The hub builds on Spotlight on Africa’s long-standing presence in the region, including its women’s and paediatric hospitals, and is designed to equip young people with market-relevant digital skills while supporting community-driven innovation and entrepreneurship.
The Ministry of ICT and National Guidance has formalised a partnership with Spotlight on Africa and Algorithmic Partners through a Memorandum of Understanding, marking a practical next step in Uganda’s digital transformation agenda.
At the centre of the agreement is the establishment of an ICT Innovation Hub in Mbale. The hub builds on Spotlight on Africa’s long-standing presence in the region, including its women’s and paediatric hospitals, and is designed to equip young people with market-relevant digital skills while supporting community-driven innovation and entrepreneurship.
Speaking at the signing, Dr. Aminah Zawedde, Permanent Secretary at the Ministry, emphasised the shift from intent to execution. She noted that the partnership reflects the role of private sector leadership in advancing digital transformation, strengthening regional growth, expanding ICT skills, and supporting women’s empowerment, all with a clear focus on delivery and results.
The Mbale hub will offer training across a broad skills pipeline, from basic digital literacy to advanced competencies such as coding, artificial intelligence, and blockchain. A core intervention under the MOU is the deployment of a blockchain-based digital certification system developed with Algorithmic Partners. The system is designed to reduce document fraud and enable secure, tamper-proof verification of qualifications.

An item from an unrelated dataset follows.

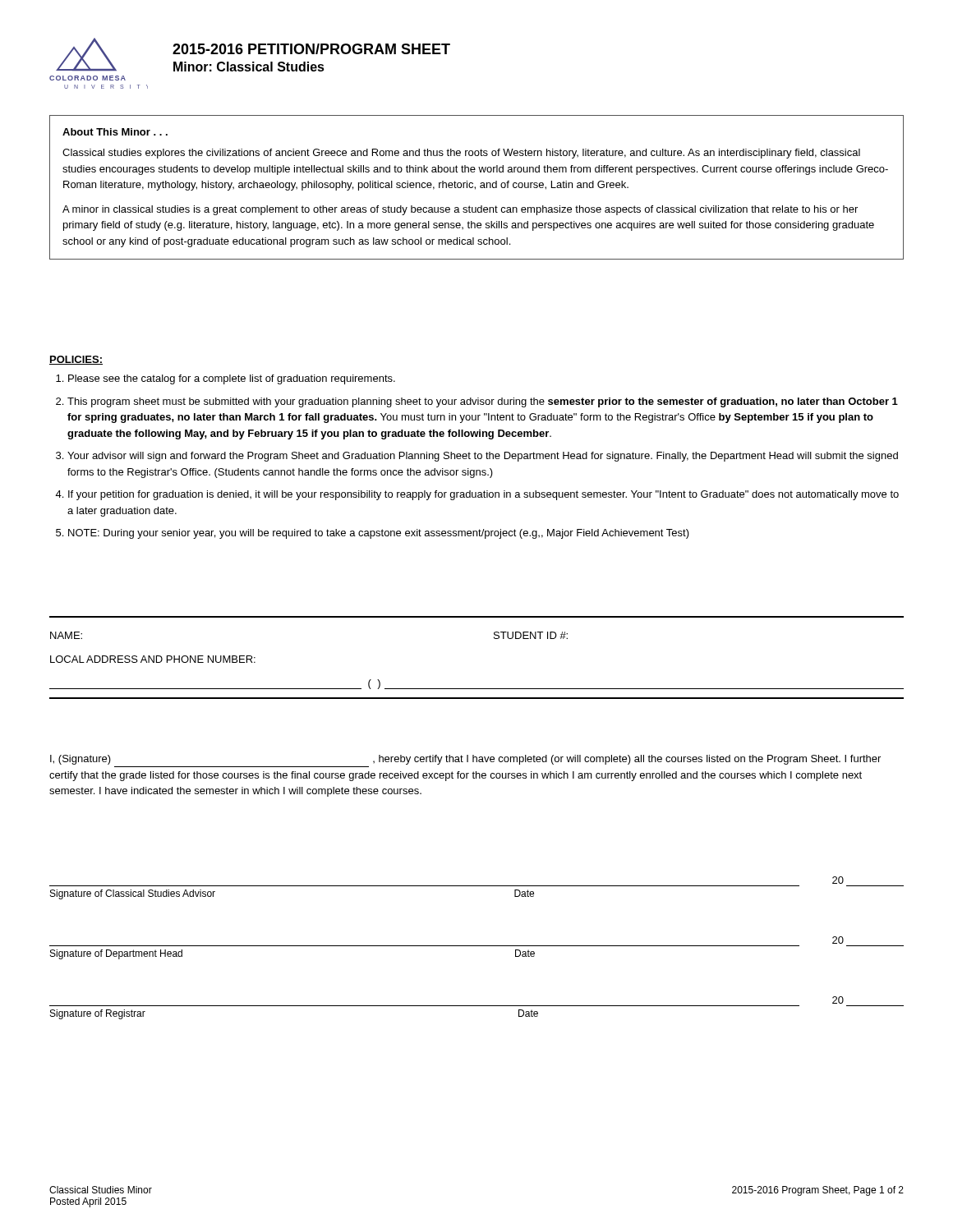The width and height of the screenshot is (953, 1232).
Task: Find the region starting "About This Minor . . ."
Action: 115,132

According to Tomos Rees, Director at Algorithmic Partners, the certification platform directly addresses trust gaps in skills recognition. It strengthens confidence among training institutions, employers, and graduates while improving transparency and efficiency across the system.
Spotlight on Africa has operated in Uganda for over two decades, focusing on education, health, clean water, and economic empowerment. Its ICT programmes have already trained more than 800 graduates, 570 of whom are women, with over 60% securing employment through the skills they acquired. The organisation plans to establish five ICT centres over the next five years, with Mbale serving as a central anchor.
Beyond skills training, the partnership aims to expand access and equity. It supports extending digital public services to rural and underserved communities where connectivity and access gaps persist. In practical terms, this means more efficient and transparent service delivery, reduced fraud, stronger local innovation ecosystems, new opportunities for SMEs and young entrepreneurs, and deeper digital inclusion.
The initiative aligns with Uganda’s digital transformation roadmap, which prioritises digital infrastructure, services, cybersecurity and data protection, digital skills, and innovation. Programmes such as the DigiTrack mobile computer lab have already trained more than 11,000 people nationwide in the last two quarters of this financial year, including youth with special needs, by taking digital skills directly to communities.
It also complements Uganda’s Business Process Outsourcing strategy, which aims to connect young, English-speaking professionals to global markets. Through initiatives such as Uganda–Japan Connect, facilitated by Japan International Cooperation Agency, Ugandan firms have already secured contracts and created employment through international partnerships.
The partnership drew strong international support. H.E Lisa Chesney, British High Commissioner to Uganda, described the collaboration as a model of co-creation that combines Uganda’s youthful talent with UK expertise to generate sustainable economic impact.
H.E Nimisha Jayant Madhvani, Uganda’s High Commissioner to the United Kingdom, echoed this view, underscoring the importance of government, private sector, and civil society working together to deliver inclusive digital growth.
What this partnership ultimately represents is a move away from abstract ambition toward measurable outcomes. By addressing trust, reach, and equity, it reinforces Uganda’s commitment to building a skills-driven digital economy where technology delivers real value to citizens, not just promises on paper.